We know all good developers love a battle. A fight to the death. We love our files. We love our languages, and even when we know what the answer will be, it’s still fun to do it.
While this topic of JSON → Parquet may seem like a strange one, in reality, it was one of the first projects I worked on as a newly minted Data Engineer. Converting millions of JSON files stored in s3 to parquet files for analytics, so maybe it isn’t so far-fetched after all.
When dealing with massive datasets, the storage format can significantly impact performance. While JSON is an excellent medium for data interchange, Parquet, a columnar storage format, is more suitable for big data analytics due to its efficiency and speed.
You should check out Prefect, the sponsor of the newsletter this week! Prefect is a workflow orchestration tool that gives you observability across all of your data pipelines. Deploy your Python code in minutes with Prefect Cloud.
In this article, we'll compare converting JSON to Parquet using Python and Rust, highlighting their performance and idiosyncrasies.
Every pythonista secretly wishes they were writing Rust instead, right? Think of all that performance, the strong typing, braces around blocks, and most importantly the street cred. Except… is it really true we’ll see performance gains if we make the switch?
Python: Using PyArrow and Pandas (and maybe Polars)
First, we are going to start with Python. Python is one of the most popular languages for data manipulation and has a vast ecosystem of libraries.
The next best thing to use in the Python data world is PyArrow, a cross-language development platform for in-memory analytics, that provides an easy way to convert JSON to Parquet.
Apache Arrow powers other popular libraries like Polars.
For our sample dataset, we will be using a credit card fraud table that can be found on Kaggle.
We will be reading this JSON file and converting it to a Parquet file.
One thing to note is the utter simplicity of this Python code. It runs a little slow at over 4 seconds.
This is probably cheating, but what if we just used Polars (the Python bindings for the Rust library) to do the same thing, will it be simpler and faster than Pandas + PyArrow?
Indeed it is simpler and much faster, almost down to 3 seconds.
On a side note, this shows the power of Polars and how it might change the Data Engineering space. A task that once required Pandas and PyArrow can now be done quickly and more simply with Polars.
Advantages of Python:
Direct integration with Pandas and Polars, a primary tooling for data manipulation in Python.
A mature ecosystem with vast documentation.
Very terse and readable code
Drawbacks of Python
Might be slower compared to low-level languages like Rust for vast datasets
This is just yet another reason to switch from Pandas to Polars. No excuses.
Rust: Using Arrow and Parquet Crates
This should be interesting. We already saw we could move from Pandas in Python to Polars (Rust) and got a good little speed-up bump with some very simple code.
What will Rust look like? No doubt the code will be more verbose and complex, but will the performance make it worth it?
Rust, known for its memory safety guarantees and blazing-fast speed, has libraries to handle Parquet and Arrow operations, making it a strong contender for large-scale data processing tasks.
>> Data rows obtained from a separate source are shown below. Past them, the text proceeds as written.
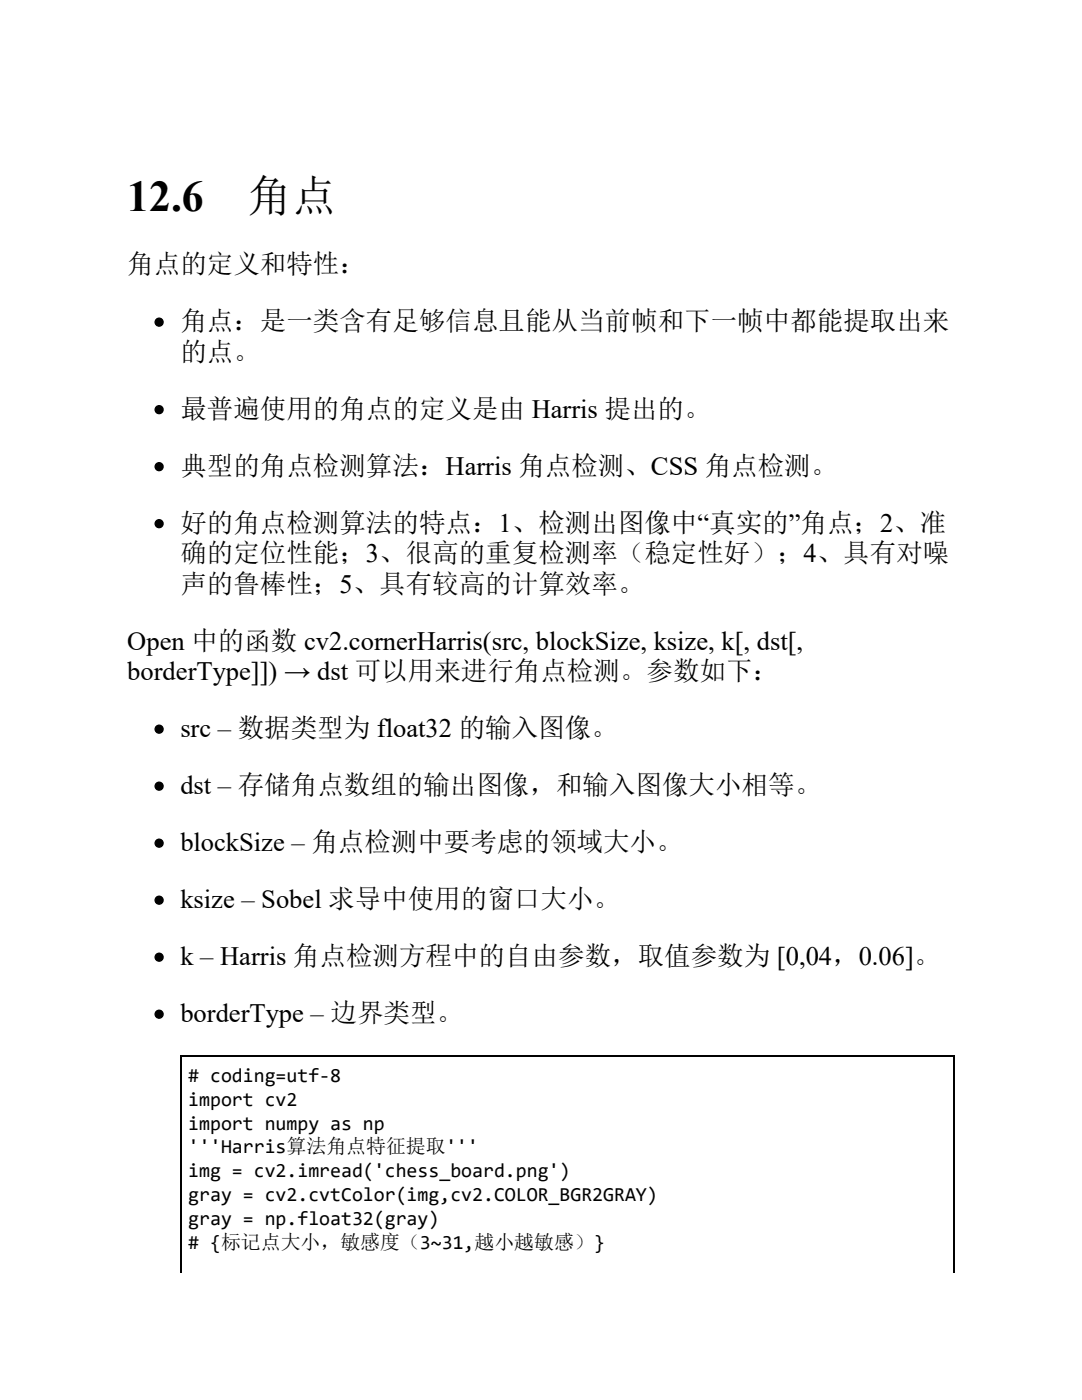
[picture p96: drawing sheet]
<svg xmlns="http://www.w3.org/2000/svg" width="216mm" height="279mm" viewBox="0 0 216 279" stroke-linecap="round" stroke-linejoin="round" font-family="sans-serif">
<defs><g id="words">
<g font-size="8.7">
<text x="25.4" y="42.1">12.6</text>
<text x="49.4" y="42.1">角点</text>
</g>
<g font-size="5.3">
<text x="25.4" y="54.5">角点的定义和特性：</text>
<text x="36" y="65.9">角点：是一类含有足够信息且能从当前帧和下一帧中都能提取出来</text>
<text x="36" y="72">的点。</text>
<text x="36" y="83.3">最普遍使用的角点的定义是由 Harris 提出的。</text>
<text x="36" y="94.7">典型的角点检测算法：Harris 角点检测、CSS 角点检测。</text>
<text x="36" y="106.1">好的角点检测算法的特点：1、检测出图像中“真实的”角点；2、准</text>
<text x="36" y="112.2">确的定位性能；3、很高的重复检测率（稳定性好）；4、具有对噪</text>
<text x="36" y="118.3">声的鲁棒性；5、具有较高的计算效率。</text>
<text x="25.4" y="129.6">Open 中的函数 cv2.cornerHarris(src, blockSize, ksize, k[, dst[,</text>
<text x="25.4" y="135.7">borderType]]) → dst 可以用来进行角点检测。参数如下：</text>
<text x="36" y="147.1">src – 数据类型为 float32 的输入图像。</text>
<text x="36" y="158.5">dst – 存储角点数组的输出图像，和输入图像大小相等。</text>
<text x="36" y="169.9">blockSize – 角点检测中要考虑的领域大小。</text>
<text x="36" y="181.2">ksize – Sobel 求导中使用的窗口大小。</text>
<text x="36" y="192.6">k – Harris 角点检测方程中的自由参数，取值参数为 [0,04，0.06]。</text>
<text x="36" y="204">borderType – 边界类型。</text>
</g>
<g font-size="4">
<text x="37.6" y="215.9"># coding=utf-8</text>
<text x="37.6" y="220.7">import cv2</text>
<text x="37.6" y="225.4">import numpy as np</text>
<text x="37.6" y="230.2">'''Harris算法角点特征提取'''</text>
<text x="37.6" y="234.9">img = cv2.imread('chess_board.png')</text>
<text x="37.6" y="239.7">gray = cv2.cvtColor(img,cv2.COLOR_BGR2GRAY)</text>
<text x="37.6" y="244.5">gray = np.float32(gray)</text>
<text x="37.6" y="249.2"># {标记点大小，敏感度（3~31,越小越敏感）}</text>
</g>
</g></defs>
<path d="M36 210.7h154.5M36.1 210.6v43.4M190.4 210.6v43.4" fill="none" stroke="#000" stroke-width=".26"/>
<g fill="#000" stroke="#000" stroke-width=".26">
<circle cx="31.7" cy="64.3" r=".79"/>
<circle cx="31.7" cy="81.8" r=".79"/>
<circle cx="31.7" cy="93.1" r=".79"/>
<circle cx="31.7" cy="104.5" r=".79"/>
<circle cx="31.7" cy="145.5" r=".79"/>
<circle cx="31.7" cy="156.9" r=".79"/>
<circle cx="31.7" cy="168.3" r=".79"/>
<circle cx="31.7" cy="179.7" r=".79"/>
<circle cx="31.7" cy="191" r=".79"/>
<circle cx="31.7" cy="202.4" r=".79"/>
</g>
<use href="#words"/>
</svg>

It was discovered during this experiment that the JSON reader for Rust’s Arrow implementation expects a text document where each line is a row of JSON, rather than a single JSON array of objects.
From the [crate’s documentation]
>> This JSON reader allows JSON line-delimited files to be read into the Arrow memory model. Records are loaded in batches and are then converted from row-based data to columnar data.
Going into this blind, this slowed me down, and should factor into the total effort involved. This can probably be circumvented by parsing the JSON document using some other mechanism, but perhaps with a significant performance impact depending on how that mechanism works.
It’s a little daunting to see the complexity of the Rust required to do the same job Python did.
It was also as slow, and slower than the Polars Python example. Part of the reason for the complex Rust was the inability of json_serde to read an Array of JSON objects with no newline characters.
So the above file had to be preprocessed into a file that could be handled better.
Rust Advantages
Typically faster due to Rust's efficiency.
Memory safety, ensuring that there aren't unwanted surprises during execution.
Rust Drawbacks
Steeper learning curve if you're new to Rust.
The ecosystem is less mature compared to Python's, but it's growing fast.
Rust’s implementation of the JSON reader is fickle and expects newline-delimited files rather than a conventional JSON array.
The Truth about Rust vs Python for JSON → Parquet.
Let’s be honest. It wasn’t what I or anyone else probably expected. Are there some Rust savants who could probably eventually write code that is faster and better? Of course.
But, that’s not the point. We learned something important.
If you can write 4 or 5 lines of Python code that runs faster than spending a TON of time writing Rust that ends up being slower … well, sometimes it’s about more than just the obvious.
Having less code to manage and debug, in Python’s case, can make it a clear choice for some. Especially if we can just use Rust via something like Polars in Python.
It’s important to know when to use what tool for the job, that’s for sure. Of course, there is only one way to learn this stuff, by trying it out!
The real lesson is to carefully consider your storage format in the first place.